Sunday, 15 September 2013

Using Ruby to replace numeric data using simple hashmap -



Using Ruby to replace numeric data using simple hashmap -

i'm trying come simple way using ruby scramble (or mask) numeric data, in order create dummy info set live data. want maintain info close original format possible (that is, preserve non-numeric characters). numbers in info correspond individual identification numbers, (sometimes) keys used in relational database. so, if numeric string occurs more once, want map consistently same (ideally unique) value. 1 time info has been scrambled, don't need able reverse scrambling.

i've created scramble function takes string , generates simple hash map numbers new values (the function maps numeric digits , leaves else is). added security, each time function called, key regenerated. thus, same phrase produce 2 different results each time function called.
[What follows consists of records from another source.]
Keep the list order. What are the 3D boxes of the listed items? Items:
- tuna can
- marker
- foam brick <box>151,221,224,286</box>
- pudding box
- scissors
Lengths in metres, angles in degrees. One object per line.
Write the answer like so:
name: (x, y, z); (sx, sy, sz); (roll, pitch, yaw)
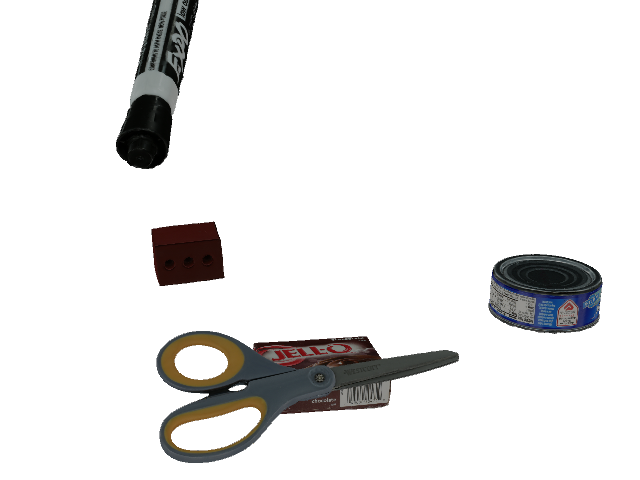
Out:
tuna can: (0.175, 0.040, 0.832); (0.086, 0.034, 0.086); (1, 19, -1)
marker: (-0.062, -0.070, 0.419); (0.020, 0.020, 0.121); (0, 44, 2)
foam brick: (-0.155, 0.015, 1.242); (0.078, 0.053, 0.051); (-8, 27, -9)
pudding box: (-0.001, 0.121, 0.971); (0.113, 0.039, 0.090); (0, 17, -12)
scissors: (-0.017, 0.078, 0.690); (0.201, 0.096, 0.016); (-22, -28, -22)
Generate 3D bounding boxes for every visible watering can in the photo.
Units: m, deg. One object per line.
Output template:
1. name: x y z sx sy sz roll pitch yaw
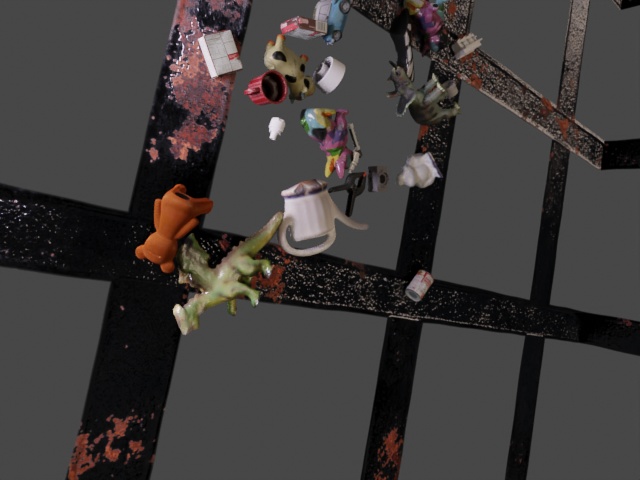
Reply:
1. watering can: 0.005 -0.080 1.596 0.351 0.104 0.222 -19 103 -36

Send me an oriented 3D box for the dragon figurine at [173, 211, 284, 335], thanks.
1. dragon figurine: -0.265 0.064 1.389 0.241 0.122 0.415 28 73 -29

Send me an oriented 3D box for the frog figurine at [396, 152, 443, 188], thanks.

module hashmodule def self.scramble(str) numhash ={} 0.upto(9) |i| numhash[i.to_s]=rand(10).to_s end output= string.new(str) output.gsub!(/\d/) do|d| d.replace numhash[d] end puts "input: " + str puts "hash key: " + numhash.to_s puts "output: " + output end end hashmodule.scramble("56609-8 no pct 001") hashmodule.scramble("56609-8 no pct 001")

this produces next output:

input: 56609-8 no pct 001 hash key: {"0"=>"9", "1"=>"4", "2"=>"8", "3"=>"9", "4"=>"4", "5"=>"8", "6"=>"4", "7"=>"0", "8"=>"2", "9"=>"1"} output: 84491-2 no pct 994 input: 56609-8 no pct 001 hash key: {"0"=>"2", "1"=>"0", "2"=>"9", "3"=>"8", "4"=>"4", "5"=>"5", "6"=>"7", "7"=>"4", "8"=>"2", "9"=>"0"} output: 57720-2 no pct 220

given info set:

pto no pc r5632893423 ip r566788882-001 no pct amb pto no amb/call ip a566788882 1655543aachm ip 56664320000000 00566333-1

i first extract numbers array. utilize scramble function created create replacement hash map, e.g.

{"5632893423"=>"5467106076", "566788882"=>"888299995", "001"=>"225", "1655543"=>"2466605", "56664320000000"=>"70007629999999", "00566333"=>"00699999", "1"=>"3"}

[incidentally, in example, haven't found way insist hash values unique, relevant in event string beingness mapped corresponds unique id in relationship database, described above.]

i utilize gsub on original string , replace hash keys scrambled value. code have works, i'm curious larn how can create more concise. realize regenerating key each time function called, create work. (otherwise, create 1 key replace digits).

does have suggestions how can accomplish way? (i'm new ruby, suggestions improving code received).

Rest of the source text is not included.